Pubblicato il 21 maggio 2016

La Corte costituzionale ha dichiarato non fondata la questione di legittimità costituzionale dell’articolo 75 del D.P.R. n. 309/1990 (Testo unico in materia di stupefacenti), sollevata, in riferimento agli articoli 3, 13, secondo comma, 25, secondo comma, e 27, terzo comma della Costituzione, nella parte in cui non include tra le condotte punibili con sole sanzioni amministrative, ove finalizzate in via esclusiva all’uso personale della sostanza stupefacente, anche la coltivazione di piante di cannabis.

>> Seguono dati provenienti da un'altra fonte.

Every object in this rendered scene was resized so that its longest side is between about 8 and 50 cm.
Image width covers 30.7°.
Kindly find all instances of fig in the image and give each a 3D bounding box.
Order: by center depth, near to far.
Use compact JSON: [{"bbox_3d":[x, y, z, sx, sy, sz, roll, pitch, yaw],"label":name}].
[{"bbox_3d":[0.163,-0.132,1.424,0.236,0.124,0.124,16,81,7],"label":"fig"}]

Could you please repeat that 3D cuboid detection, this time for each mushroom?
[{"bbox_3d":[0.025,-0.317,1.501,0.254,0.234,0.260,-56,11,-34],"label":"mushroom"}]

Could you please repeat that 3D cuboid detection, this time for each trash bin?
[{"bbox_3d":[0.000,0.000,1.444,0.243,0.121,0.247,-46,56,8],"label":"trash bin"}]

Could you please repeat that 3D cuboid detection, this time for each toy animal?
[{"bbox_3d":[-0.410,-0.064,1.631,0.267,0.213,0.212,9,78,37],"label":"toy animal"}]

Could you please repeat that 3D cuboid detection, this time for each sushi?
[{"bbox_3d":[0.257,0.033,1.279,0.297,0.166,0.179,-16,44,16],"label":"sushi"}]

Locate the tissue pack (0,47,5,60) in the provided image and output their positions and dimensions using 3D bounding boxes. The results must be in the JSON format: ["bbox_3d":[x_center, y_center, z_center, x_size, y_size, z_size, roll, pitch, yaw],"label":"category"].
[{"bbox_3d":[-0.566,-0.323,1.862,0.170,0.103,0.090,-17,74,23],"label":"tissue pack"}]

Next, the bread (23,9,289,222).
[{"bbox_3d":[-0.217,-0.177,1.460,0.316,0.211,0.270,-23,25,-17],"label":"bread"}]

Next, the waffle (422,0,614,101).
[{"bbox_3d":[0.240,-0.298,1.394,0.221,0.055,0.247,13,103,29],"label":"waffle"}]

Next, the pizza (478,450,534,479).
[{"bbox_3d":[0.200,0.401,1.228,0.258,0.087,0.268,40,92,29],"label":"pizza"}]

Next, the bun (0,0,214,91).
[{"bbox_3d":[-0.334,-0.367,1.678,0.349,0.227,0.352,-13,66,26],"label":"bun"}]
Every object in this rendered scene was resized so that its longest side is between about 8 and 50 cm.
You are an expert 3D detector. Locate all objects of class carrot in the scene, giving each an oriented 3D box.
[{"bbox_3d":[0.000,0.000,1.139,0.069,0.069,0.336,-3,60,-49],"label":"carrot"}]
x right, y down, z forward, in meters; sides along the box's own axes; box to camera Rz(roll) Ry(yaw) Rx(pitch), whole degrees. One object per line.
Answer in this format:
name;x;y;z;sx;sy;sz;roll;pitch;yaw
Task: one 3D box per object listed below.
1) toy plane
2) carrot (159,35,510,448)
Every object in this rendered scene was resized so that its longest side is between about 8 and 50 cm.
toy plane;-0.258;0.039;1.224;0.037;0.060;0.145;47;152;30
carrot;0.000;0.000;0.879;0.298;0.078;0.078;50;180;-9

Principio eguaglianza non violato

A parere del giudice rimettente, Corte d’appello di Brescia, la disposizione censurata violerebbe il principio di eguaglianza costituzionalmente sancito, sotto il profilo della ingiustificata disparità di trattamento fra chi detiene per uso personale sostanza stupefacente ricavata da piante da lui stesso precedentemente coltivate (assoggettabile solo a sanzioni amministrative) e chi è sorpreso mentre ha in corso l’attività di coltivazione, finalizzata sempre al consumo personale (condotta che assume, invece, rilevanza penale).

Tra gli altri rilievi, la Consulta ha precisato che, come già evidenziato dalle Sezioni unite di Cassazione nelle sentenze n. 28605 e n. 28606 del 2008, la doglianza in esame poggia sull’inesatta premessa secondo cui la detenzione per uso personale dello stupefacente “autoprodotto” renda non punibile la condotta di coltivazione, rimanendo il precedente illecito penale “assorbito” dal successivo illecito amministrativo.

Tale assorbimento – hanno sottolineato i giudici costituzionali – in realtà non si verifica affatto, in quanto a rimanere “assorbito” è l’illecito amministrativo, dato che la disponibilità del prodotto della coltivazione non rappresenta altro che l’ultima fase della coltivazione stessa, ossia la “raccolta” del coltivato.

In detta prospettiva, in definitiva, non sussiste alcuna disparità di trattamento poiché il detentore a fini di consumo personale dello stupefacente “raccolto” e il coltivatore “in atto” rispondono entrambi penalmente.

E’ quanto si legge nel testo della sentenza della Consulta n. 109 del 20 maggio 2016.